**SUPPLIED MATERIAL**.
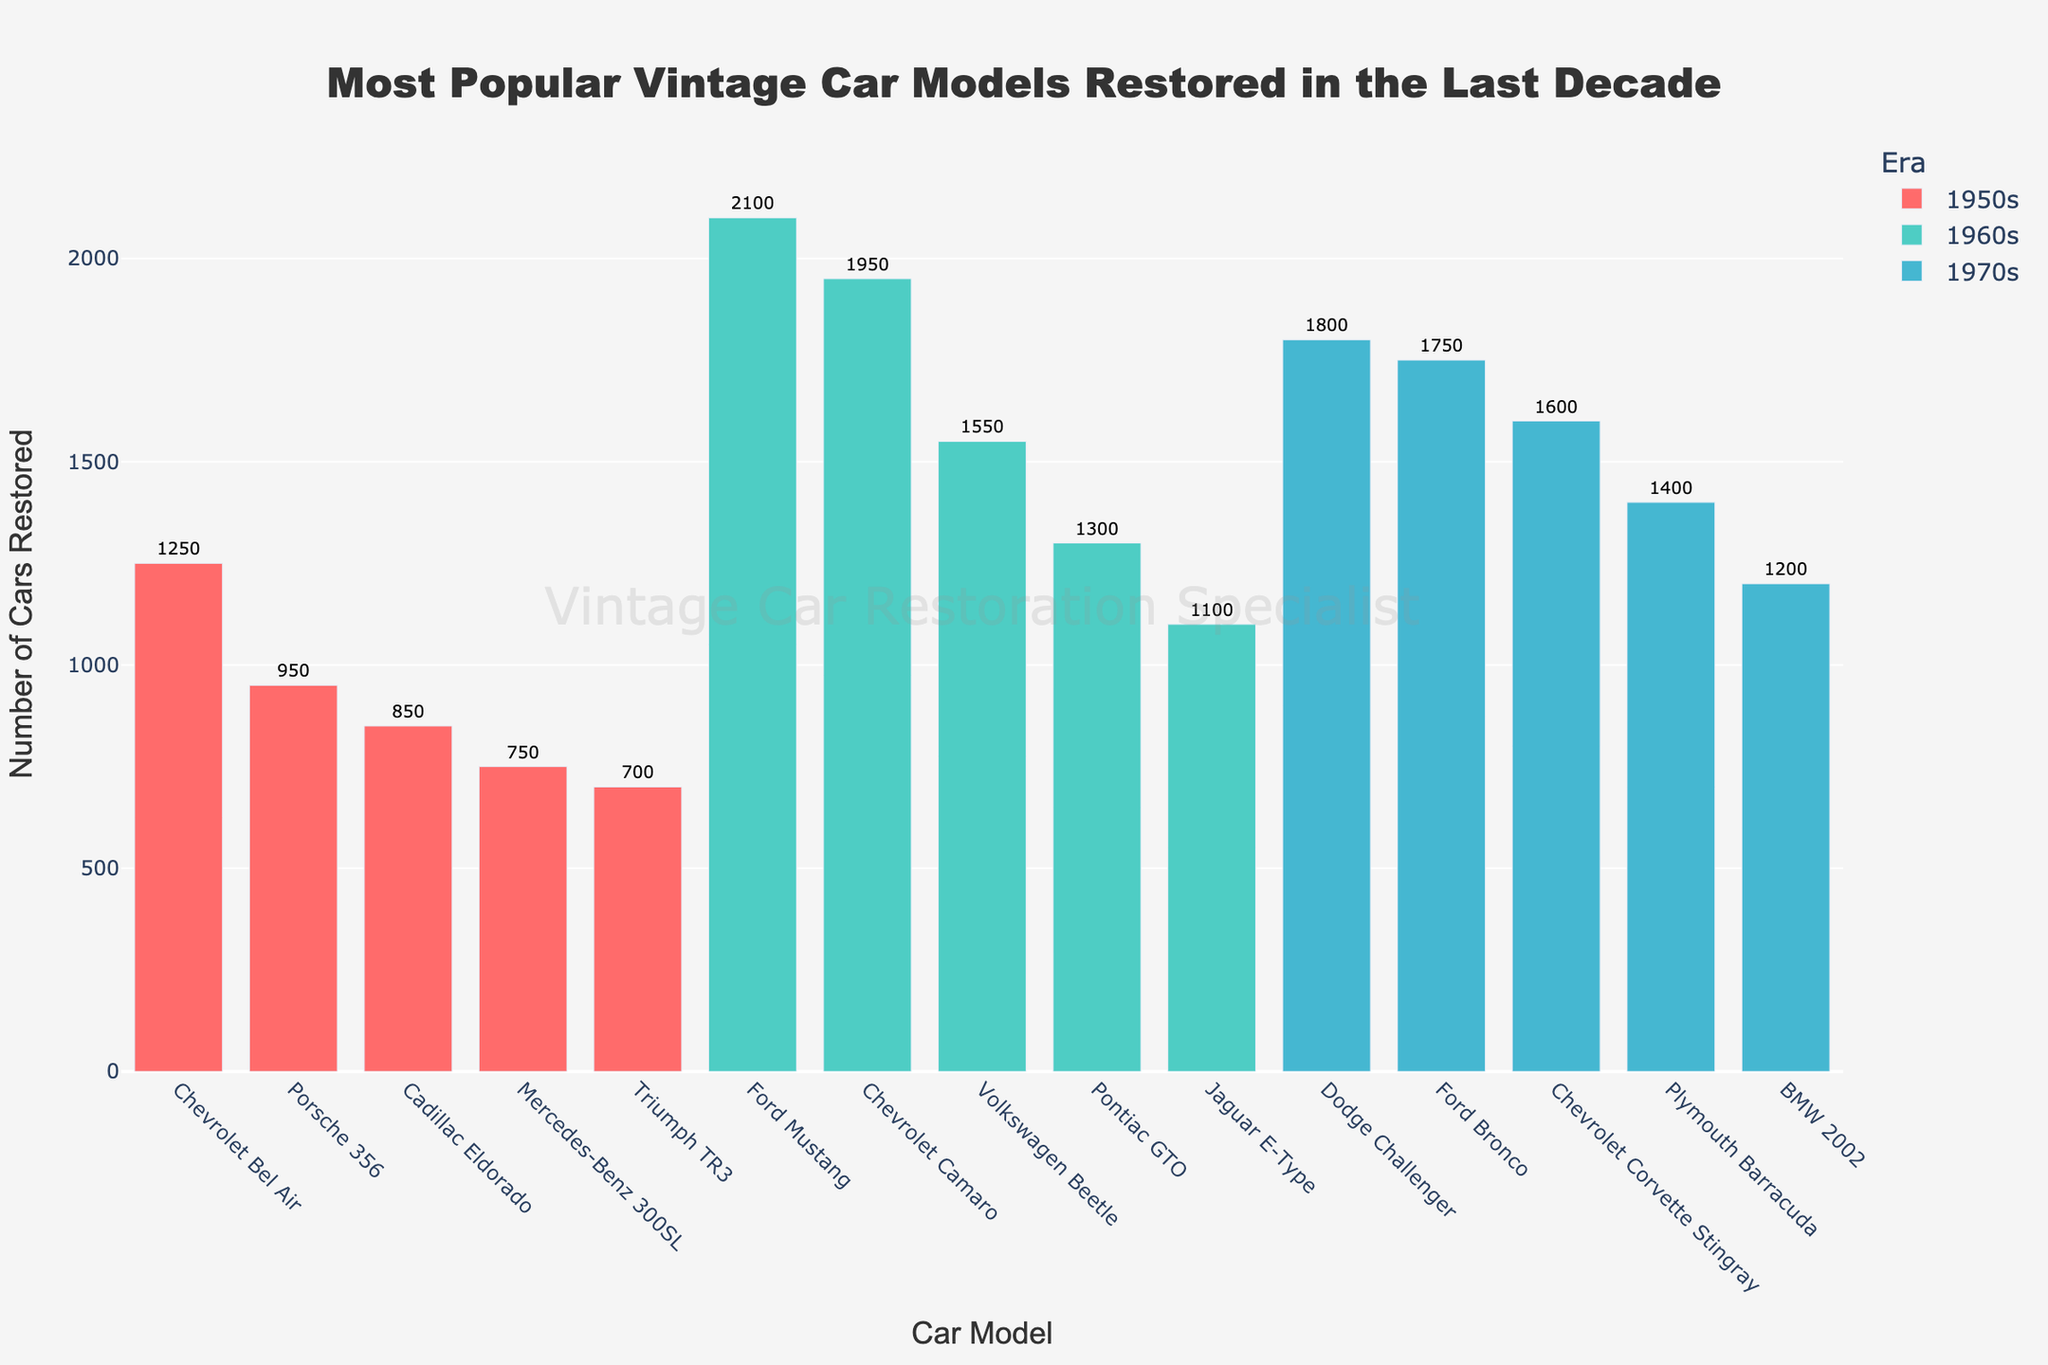Which car model from the 1960s had the highest number of restorations? To determine this, look at the heights of the bars for the cars from the 1960s (color-coded) in the figure, and identify the one with the tallest bar. This is the Ford Mustang, with 2100 restorations.
Answer: Ford Mustang Which era had the most number of cars restored? Sum the total number of restorations for each era and compare. For 1950s: 1250+950+750+850+700=4500, for 1960s: 2100 + 1950 + 1100 + 1300 + 1550 = 8000, for 1970s: 1800 + 1600 + 1400 + 1750 + 1200 = 7750. The 1960s had the highest total number.
Answer: 1960s How many more restorations did the Ford Mustang have compared to the Chevrolet Camaro? Check the restoration numbers of both models: Ford Mustang had 2100 restorations; Chevrolet Camaro had 1950. Subtract 1950 from 2100.
Answer: 150 Which model from the 1970s was restored the most? Look at the heights of the bars for the 1970s models (color-coded) and identify the tallest bar. It indicates the Dodge Challenger with 1800 restorations.
Answer: Dodge Challenger What is the total number of cars restored from the 1950s? Sum up the restorations listed for each 1950s model: 1250 (Chevrolet Bel Air) + 950 (Porsche 356) + 750 (Mercedes-Benz 300SL) + 850 (Cadillac Eldorado) + 700 (Triumph TR3) = 4500.
Answer: 4500 How many vintage car models from the 1960s had more than 1500 restorations? Identify the 1960s models which had restoration values greater than 1500 and count them. These are the Ford Mustang (2100), Chevrolet Camaro (1950), and Volkswagen Beetle (1550) - 3 models in total.
Answer: 3 Which car model from the 1950s had the fewest restorations? Look at the heights of the bars for the cars from the 1950s and identify the shortest one. This is the Triumph TR3 with 700 restorations.
Answer: Triumph TR3 What is the difference in the number of restorations between the most restored car from the 1970s and the least restored car from the 1950s? The most restored car from the 1970s is the Dodge Challenger with 1800 restorations. The least restored car from the 1950s is the Triumph TR3 with 700 restorations. Calculate the difference: 1800 - 700 = 1100.
Answer: 1100 Which era had the widest range of restored car models? Calculate the range (difference between the highest and lowest restoration numbers) for each era. For 1950s: 1250 (Chevrolet Bel Air) - 700 (Triumph TR3) = 550, for 1960s: 2100 (Ford Mustang) - 1100 (Jaguar E-Type) = 1000, for 1970s: 1800 (Dodge Challenger) - 1200 (BMW 2002) = 600. The 1960s had the widest range.
Answer: 1960s 
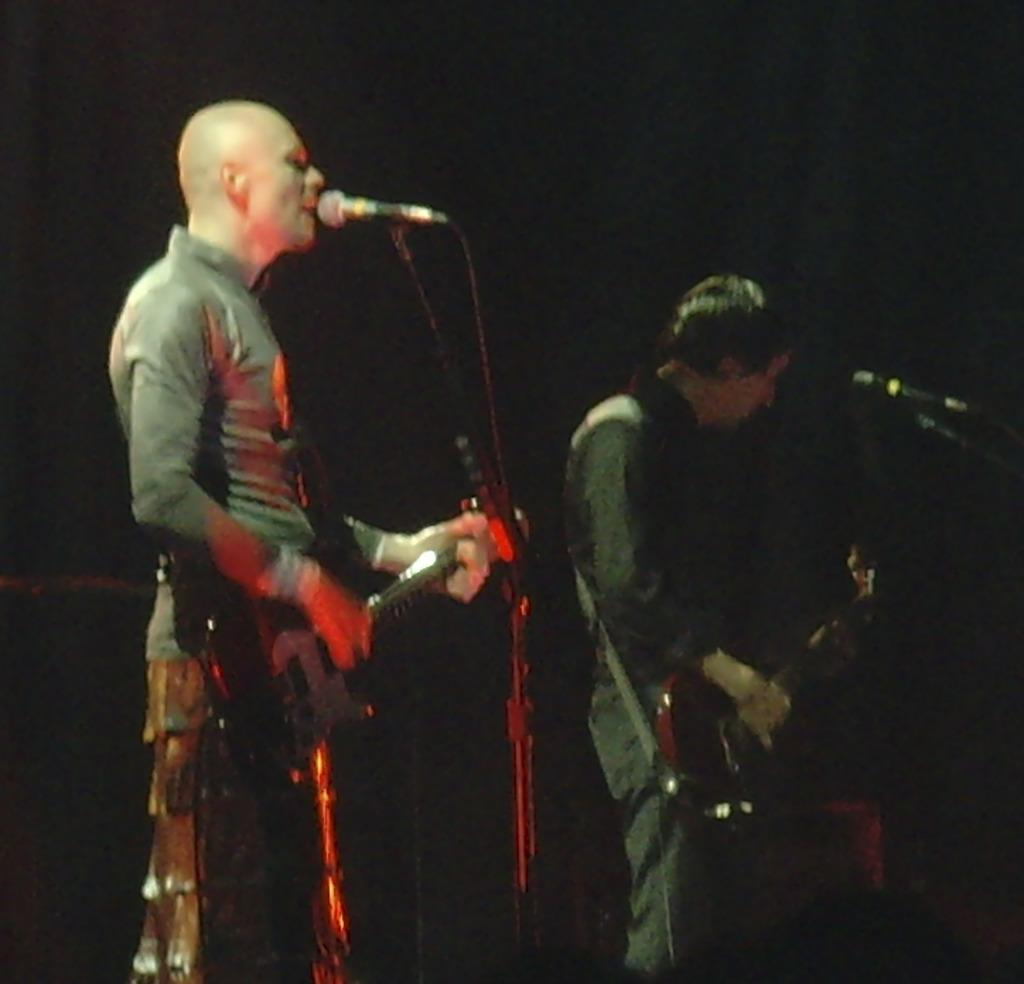How many people are in the image? There are two persons in the image. What are the two persons doing in the image? The two persons are standing in front of a microphone and playing guitar. How many boys are playing the guitar in the image? The provided facts do not mention the gender of the persons in the image, so we cannot determine if they are boys or not. However, there are two persons playing guitar in the image. 
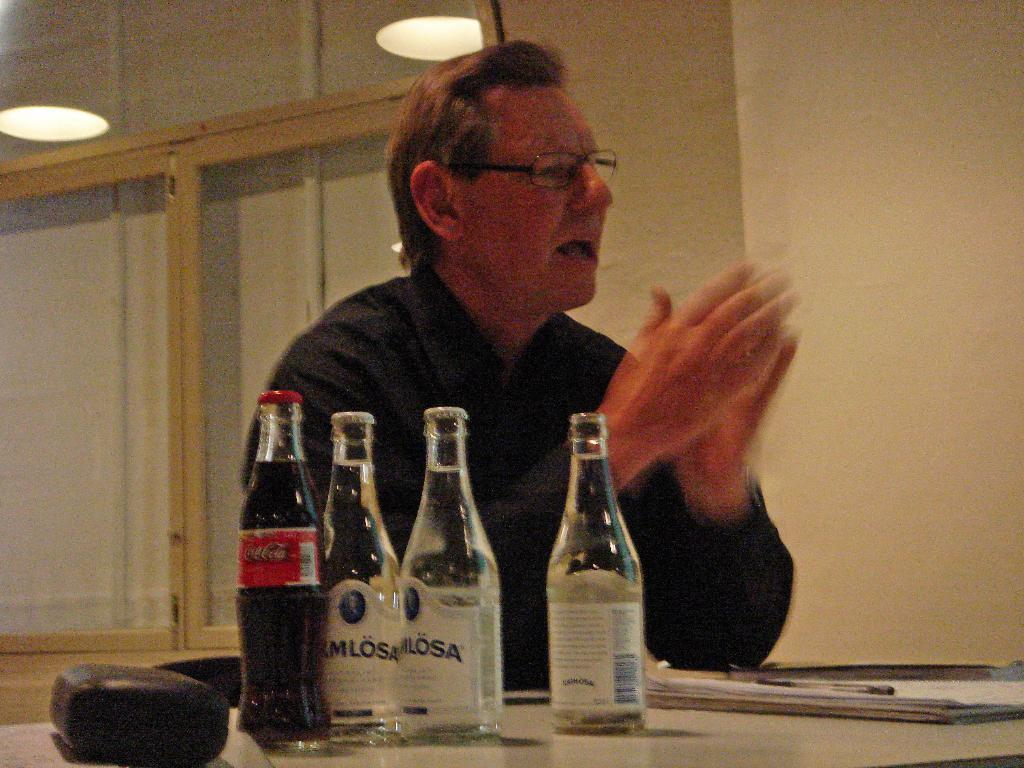What is the person in the image doing? The person is sitting on a chair at a table. How many bottles are on the table? There are 4 bottles on the table. What else is on the table besides the bottles? There is a book, a pen, and a box on the table. What can be seen in the background of the image? There is a wall, windows, and a reflection of light in the background. Can you describe the seashore in the image? There is no seashore present in the image; it features a person sitting at a table with various objects. What type of sun is shining through the windows in the image? There is no sun visible in the image; only a reflection of light can be seen in the background. 
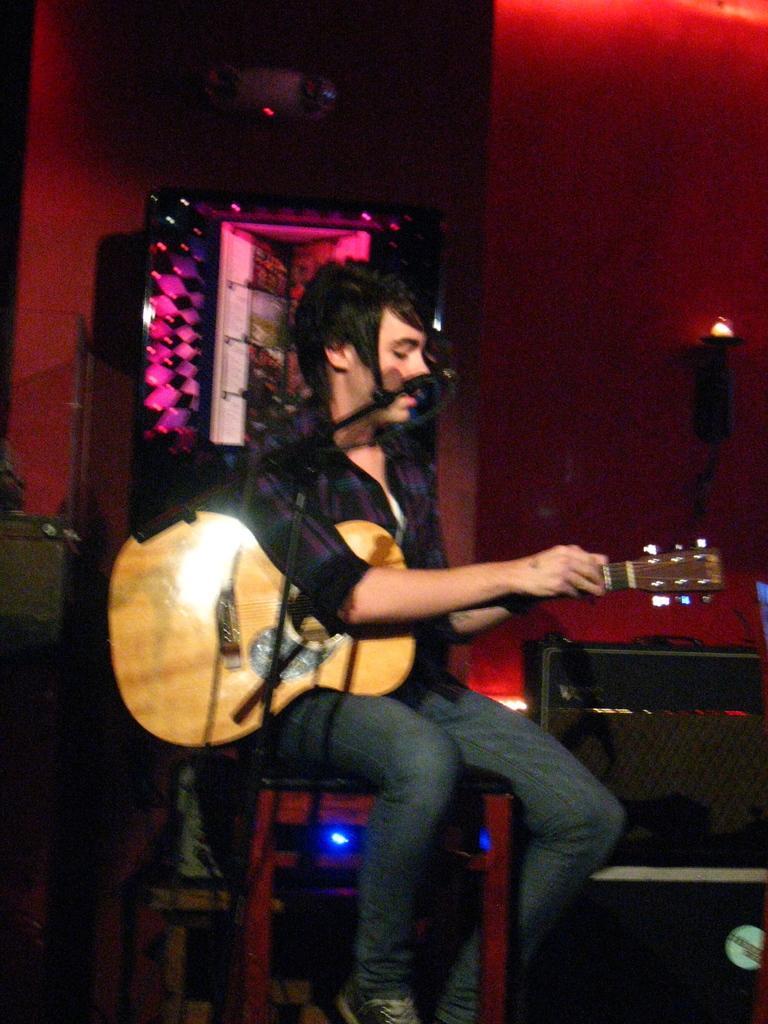Can you describe this image briefly? As we can see in the image there is a man sitting on chair and holding guitar. In front of him there is a mic. 
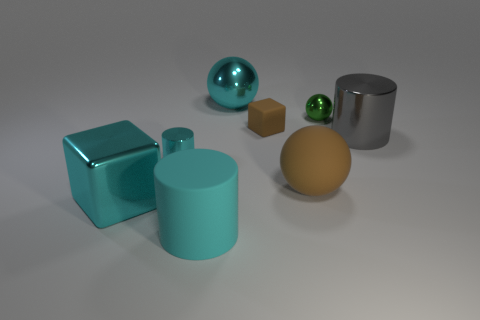Subtract all purple cubes. How many cyan cylinders are left? 2 Subtract all cyan shiny balls. How many balls are left? 2 Add 1 cylinders. How many objects exist? 9 Subtract 0 gray spheres. How many objects are left? 8 Subtract all cylinders. How many objects are left? 5 Subtract all large metal spheres. Subtract all cyan rubber objects. How many objects are left? 6 Add 1 gray cylinders. How many gray cylinders are left? 2 Add 1 big brown spheres. How many big brown spheres exist? 2 
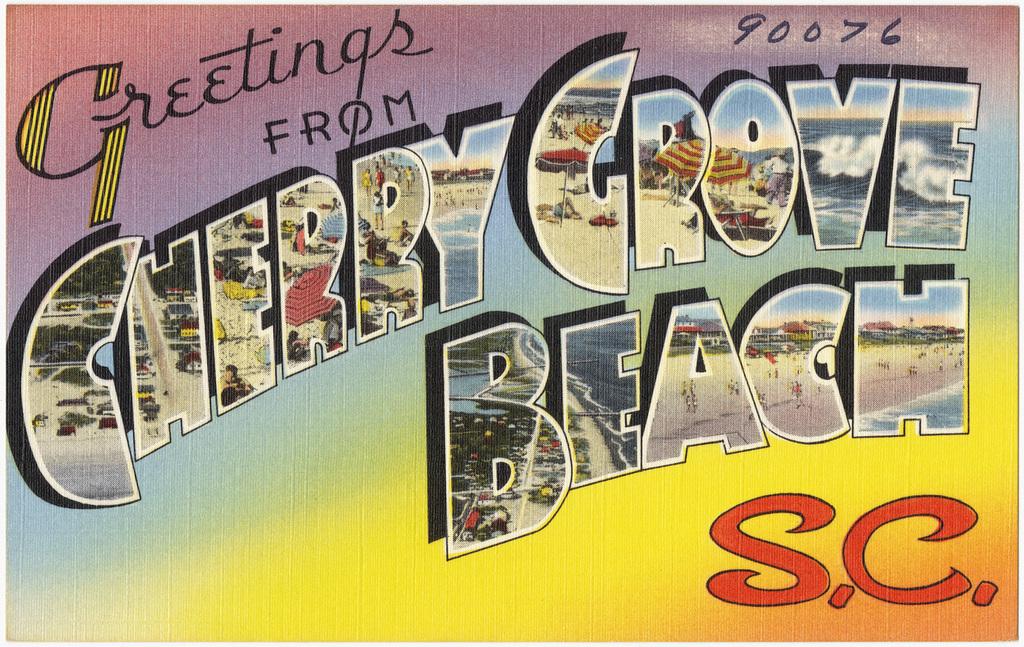What is the name of the beach?
Make the answer very short. Cherry grove.

**REQUIREMENT**. Using the entries above, give back exactly the line containing "Answer: 4500 How", the line containing "Answer: 3 Which", and every line between them, and nothing else.

**ANSWER SPACE**.
Answer: 4500 How many vintage car models from the 1960s had more than 1500 restorations? Identify the 1960s models which had restoration values greater than 1500 and count them. These are the Ford Mustang (2100), Chevrolet Camaro (1950), and Volkswagen Beetle (1550) - 3 models in total.
Answer: 3 Which car model from the 1950s had the fewest restorations? Look at the heights of the bars for the cars from the 1950s and identify the shortest one. This is the Triumph TR3 with 700 restorations.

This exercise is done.